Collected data

○ ○ ○ ○ ○

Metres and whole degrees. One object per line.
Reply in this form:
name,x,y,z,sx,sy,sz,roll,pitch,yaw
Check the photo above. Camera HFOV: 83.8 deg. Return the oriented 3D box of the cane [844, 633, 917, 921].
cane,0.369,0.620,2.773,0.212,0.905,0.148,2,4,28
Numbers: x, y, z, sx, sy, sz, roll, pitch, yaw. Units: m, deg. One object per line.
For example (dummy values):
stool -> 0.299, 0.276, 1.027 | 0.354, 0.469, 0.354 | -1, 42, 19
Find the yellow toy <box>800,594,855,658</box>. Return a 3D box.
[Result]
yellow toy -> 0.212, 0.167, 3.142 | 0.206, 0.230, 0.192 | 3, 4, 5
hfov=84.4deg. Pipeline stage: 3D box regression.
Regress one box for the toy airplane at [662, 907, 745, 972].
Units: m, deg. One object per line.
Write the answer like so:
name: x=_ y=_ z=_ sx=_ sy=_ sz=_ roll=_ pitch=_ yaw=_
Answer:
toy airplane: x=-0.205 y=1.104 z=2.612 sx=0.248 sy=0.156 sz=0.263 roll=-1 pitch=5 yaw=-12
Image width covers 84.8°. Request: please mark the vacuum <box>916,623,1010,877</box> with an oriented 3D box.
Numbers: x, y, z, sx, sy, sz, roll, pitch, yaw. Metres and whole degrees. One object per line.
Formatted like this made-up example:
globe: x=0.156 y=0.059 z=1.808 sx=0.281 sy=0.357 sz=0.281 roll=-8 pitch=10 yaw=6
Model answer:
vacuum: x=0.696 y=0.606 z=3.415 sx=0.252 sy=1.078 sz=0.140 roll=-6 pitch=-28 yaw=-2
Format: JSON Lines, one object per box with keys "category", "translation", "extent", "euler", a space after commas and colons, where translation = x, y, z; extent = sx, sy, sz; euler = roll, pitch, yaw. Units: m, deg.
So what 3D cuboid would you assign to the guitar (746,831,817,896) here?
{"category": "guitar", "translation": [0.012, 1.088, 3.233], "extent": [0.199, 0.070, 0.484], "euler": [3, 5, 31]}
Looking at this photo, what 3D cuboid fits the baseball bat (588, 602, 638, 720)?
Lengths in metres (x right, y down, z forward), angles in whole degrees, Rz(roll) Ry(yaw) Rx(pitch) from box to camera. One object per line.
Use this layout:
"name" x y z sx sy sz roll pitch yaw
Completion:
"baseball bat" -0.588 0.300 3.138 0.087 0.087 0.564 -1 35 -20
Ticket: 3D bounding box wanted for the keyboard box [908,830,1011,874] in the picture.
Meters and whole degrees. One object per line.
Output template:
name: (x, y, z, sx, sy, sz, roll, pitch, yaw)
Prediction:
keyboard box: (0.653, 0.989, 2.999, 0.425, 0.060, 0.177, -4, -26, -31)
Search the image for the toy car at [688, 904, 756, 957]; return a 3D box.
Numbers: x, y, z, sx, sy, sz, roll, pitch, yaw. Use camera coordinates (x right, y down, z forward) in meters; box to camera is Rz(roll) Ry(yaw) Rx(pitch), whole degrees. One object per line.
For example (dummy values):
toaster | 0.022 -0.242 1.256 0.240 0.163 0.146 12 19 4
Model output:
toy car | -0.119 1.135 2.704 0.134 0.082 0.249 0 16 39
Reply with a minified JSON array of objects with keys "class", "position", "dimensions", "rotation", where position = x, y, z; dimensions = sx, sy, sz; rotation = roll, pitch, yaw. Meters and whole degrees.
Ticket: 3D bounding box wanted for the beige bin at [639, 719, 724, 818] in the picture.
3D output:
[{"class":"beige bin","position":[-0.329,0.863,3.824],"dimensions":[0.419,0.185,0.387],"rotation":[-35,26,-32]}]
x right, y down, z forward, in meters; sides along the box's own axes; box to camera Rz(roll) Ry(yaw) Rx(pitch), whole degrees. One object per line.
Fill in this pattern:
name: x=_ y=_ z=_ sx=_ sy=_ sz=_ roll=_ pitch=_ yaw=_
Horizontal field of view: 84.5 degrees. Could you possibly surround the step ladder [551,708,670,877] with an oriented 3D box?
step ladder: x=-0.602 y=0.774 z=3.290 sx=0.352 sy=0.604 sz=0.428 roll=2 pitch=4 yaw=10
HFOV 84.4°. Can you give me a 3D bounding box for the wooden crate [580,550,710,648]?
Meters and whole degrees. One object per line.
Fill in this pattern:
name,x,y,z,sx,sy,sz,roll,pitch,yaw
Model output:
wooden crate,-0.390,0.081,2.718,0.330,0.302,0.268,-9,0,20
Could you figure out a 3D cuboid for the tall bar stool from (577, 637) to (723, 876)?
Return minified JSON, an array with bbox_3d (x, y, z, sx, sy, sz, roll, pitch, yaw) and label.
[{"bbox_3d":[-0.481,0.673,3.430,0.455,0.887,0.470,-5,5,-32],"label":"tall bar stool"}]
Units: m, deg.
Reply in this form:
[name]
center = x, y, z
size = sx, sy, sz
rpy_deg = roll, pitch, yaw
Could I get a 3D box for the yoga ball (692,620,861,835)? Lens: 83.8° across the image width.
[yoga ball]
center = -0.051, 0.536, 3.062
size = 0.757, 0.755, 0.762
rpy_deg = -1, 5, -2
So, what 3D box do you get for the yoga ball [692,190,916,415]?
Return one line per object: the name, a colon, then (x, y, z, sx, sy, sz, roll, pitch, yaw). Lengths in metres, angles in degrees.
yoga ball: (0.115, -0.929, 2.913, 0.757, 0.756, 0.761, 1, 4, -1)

○ ○ ○ ○ ○

**The problem:**
Reproduce the entries exactly, starting at their first line and stopping after the line with "Image width covers".

**Result of the task:**
Metres and whole degrees. One object per line.
Reply in this form:
name,x,y,z,sx,sy,sz,roll,pitch,yaw
Check the photo above. Camera HFOV: 83.8 deg. Return the oriented 3D box of the cane [844, 633, 917, 921].
cane,0.369,0.620,2.773,0.212,0.905,0.148,2,4,28
Numbers: x, y, z, sx, sy, sz, roll, pitch, yaw. Units: m, deg. One object per line.
For example (dummy values):
stool -> 0.299, 0.276, 1.027 | 0.354, 0.469, 0.354 | -1, 42, 19
Find the yellow toy <box>800,594,855,658</box>. Return a 3D box.
[Result]
yellow toy -> 0.212, 0.167, 3.142 | 0.206, 0.230, 0.192 | 3, 4, 5
hfov=84.4deg. Pipeline stage: 3D box regression.
Regress one box for the toy airplane at [662, 907, 745, 972].
Units: m, deg. One object per line.
Write the answer like so:
name: x=_ y=_ z=_ sx=_ sy=_ sz=_ roll=_ pitch=_ yaw=_
Answer:
toy airplane: x=-0.205 y=1.104 z=2.612 sx=0.248 sy=0.156 sz=0.263 roll=-1 pitch=5 yaw=-12
Image width covers 84.8°. Request: please mark the vacuum <box>916,623,1010,877</box> with an oriented 3D box.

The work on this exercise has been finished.